We performed a single institution, multi-centre study to validate the results of our proposed network. We validated our results on a dataset with a distribution of diagnostic mammography practice as well as a screening mammography dataset (external validation). We show that our network performs comparably in both settings. In both datasets we showed an improvement in comparison to our baseline architecture. In addition, we tested our results on a curated dataset with cancers < 1 cm in size. We show that the improvement is most marked in this dataset with our approach, suggesting that this approach is particularly suited for detection of small cancers. Some examples from this dataset which were captured by our network are given in Fig. 5. We also note that despite being an external dataset, we perform better in our SM dataset than our DM dataset.

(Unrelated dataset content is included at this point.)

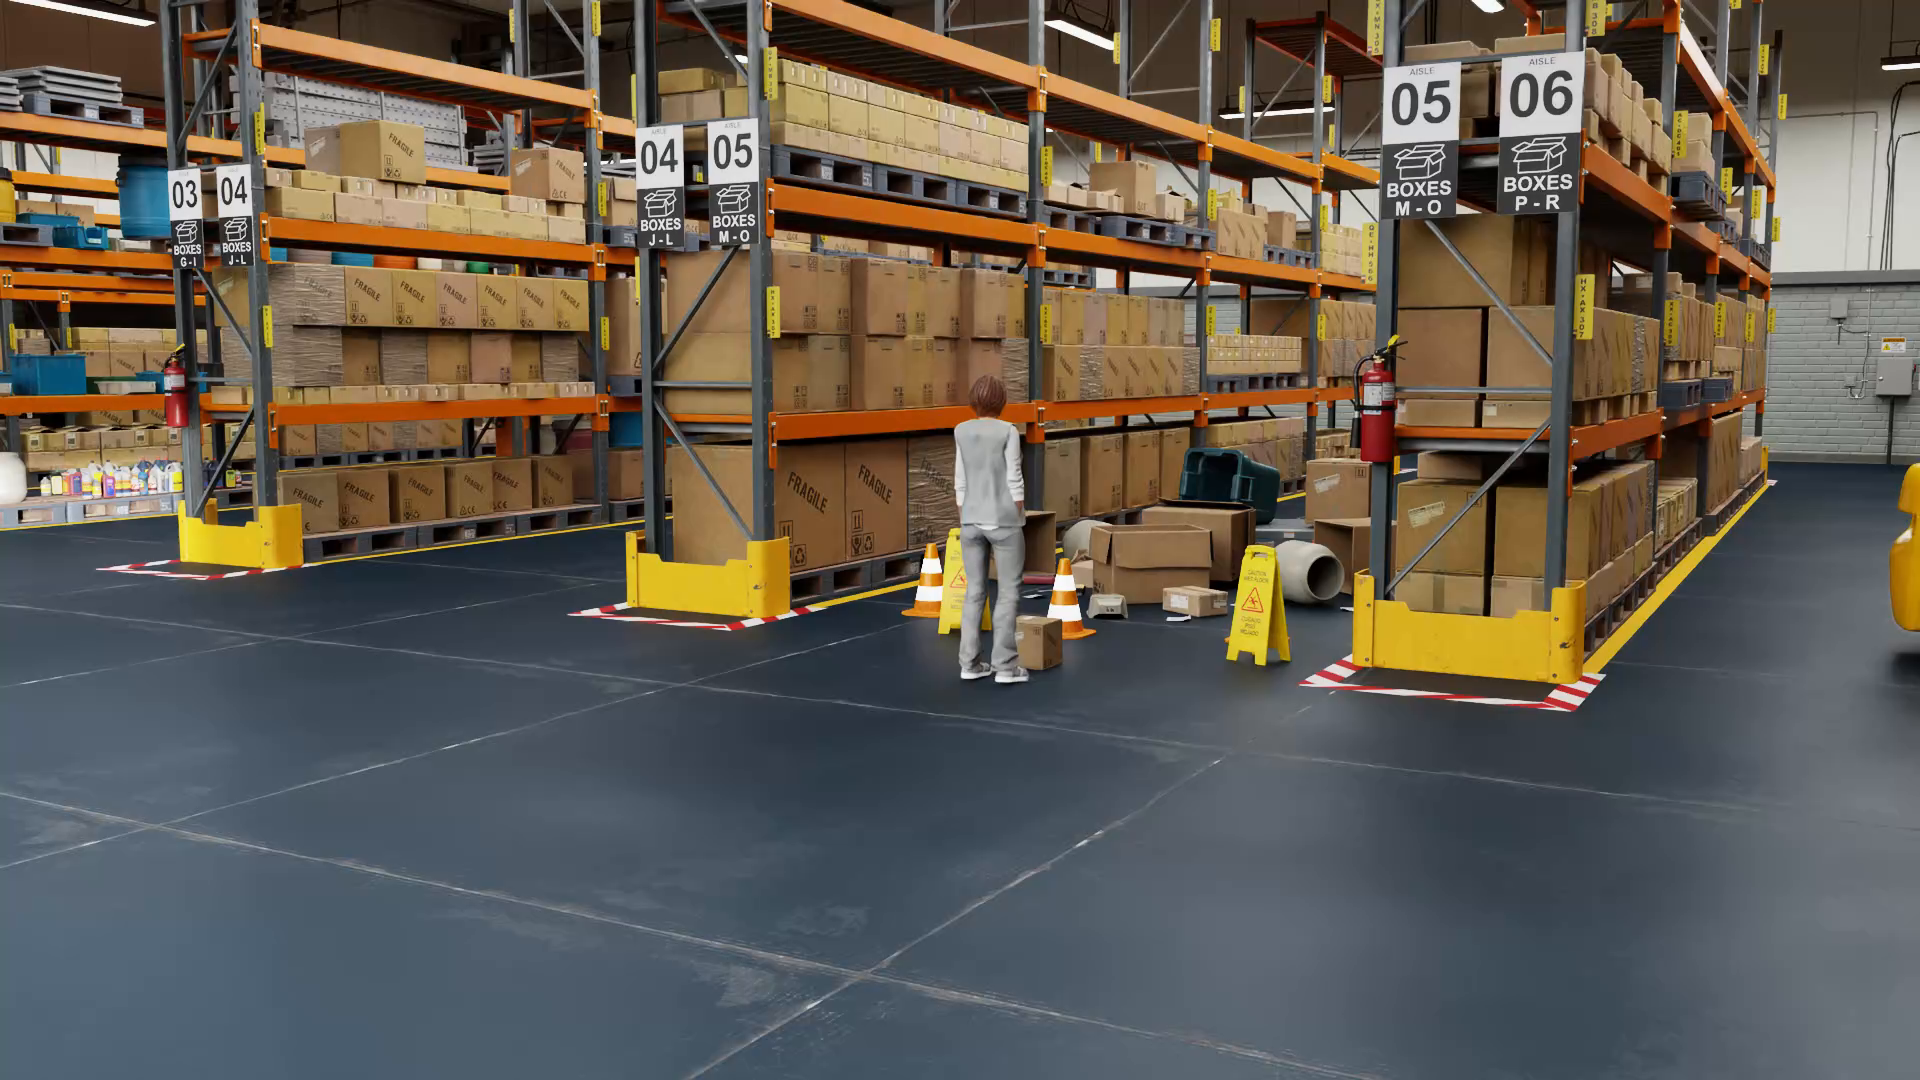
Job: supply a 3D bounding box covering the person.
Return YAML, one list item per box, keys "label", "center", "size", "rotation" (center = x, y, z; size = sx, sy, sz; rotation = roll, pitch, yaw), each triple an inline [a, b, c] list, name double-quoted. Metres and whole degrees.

This is due to a large number of benign masses in our DM dataset which were detected as cancers, contributing to false positives in this dataset.

Figure 5
figure 5

Visualization of our results of our network on small masses < 1 cm. Yellow represents the ground truth bounding box, green represents predictions of our network.

We analyze the importance of resolution, context and scale by comparing our performance of each factor in isolation with the performance of our proposed network. Through our ablation studies (Fig. 4) we demonstrate that each of these factors have an important role to play. Our analysis of performance of each individual scale (Table 3) also showed that though the sensitivity was the lowest at full resolution, this scale was particularly important for detection of small masses.

Our study has some limitations. We acknowledge that all mammograms came from a single vendor, thus the effectiveness of the network in other situations need further study. Analysis of masses that were missed by this network revealed that we missed isodense, obscure masses, and masses placed in the peripheral breast tissue. There were only 3 images with microcalcification clusters in the DM dataset and 9 images in the SM dataset. Therefore the performance of the network on microcalcifications has not been adequately studied. Analysis of the false positives revealed that some benign lesions, such as cysts and fibroadenomas were also detected as cancers by the network. This indicates the direction of further research in this area.

To conclude, in this work we present a concerted effort towards the detection of small cancers. In a multicentre study we show the effectiveness of our approach in the setting of diagnostic mammography, screening mammography, as well as in a subset of small cancers < 1 cms in size.